» **EXERCISE DETAILS**:
Lines before the one containing "2020s: 300-250=50" are left out; that line and all after it, through the end of the records, must be transcribed exactly.

[Source data]
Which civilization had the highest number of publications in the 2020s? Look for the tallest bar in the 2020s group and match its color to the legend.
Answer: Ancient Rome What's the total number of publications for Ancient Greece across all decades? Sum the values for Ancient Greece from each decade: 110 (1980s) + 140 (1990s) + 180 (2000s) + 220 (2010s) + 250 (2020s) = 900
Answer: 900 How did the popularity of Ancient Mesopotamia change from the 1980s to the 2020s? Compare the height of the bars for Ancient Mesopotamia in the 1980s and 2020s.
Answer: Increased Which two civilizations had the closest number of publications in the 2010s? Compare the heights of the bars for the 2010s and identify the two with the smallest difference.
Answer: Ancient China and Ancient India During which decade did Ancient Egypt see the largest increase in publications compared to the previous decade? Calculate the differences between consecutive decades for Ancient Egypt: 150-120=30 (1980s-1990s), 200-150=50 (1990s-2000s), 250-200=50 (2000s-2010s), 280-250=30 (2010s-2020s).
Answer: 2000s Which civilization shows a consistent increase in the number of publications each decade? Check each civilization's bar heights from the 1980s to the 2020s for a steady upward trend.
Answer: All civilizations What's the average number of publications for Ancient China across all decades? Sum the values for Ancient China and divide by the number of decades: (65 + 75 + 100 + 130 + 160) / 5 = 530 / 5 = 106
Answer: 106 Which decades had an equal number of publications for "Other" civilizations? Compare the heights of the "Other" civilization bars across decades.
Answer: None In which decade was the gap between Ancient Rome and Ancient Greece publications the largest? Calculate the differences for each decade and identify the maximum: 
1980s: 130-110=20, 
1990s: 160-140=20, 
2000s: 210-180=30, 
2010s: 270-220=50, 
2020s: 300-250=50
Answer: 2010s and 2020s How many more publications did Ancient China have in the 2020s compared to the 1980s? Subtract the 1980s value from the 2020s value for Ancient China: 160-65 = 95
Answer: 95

» **EXERCISE ANSWER**:
2020s: 300-250=50
Answer: 2010s and 2020s How many more publications did Ancient China have in the 2020s compared to the 1980s? Subtract the 1980s value from the 2020s value for Ancient China: 160-65 = 95
Answer: 95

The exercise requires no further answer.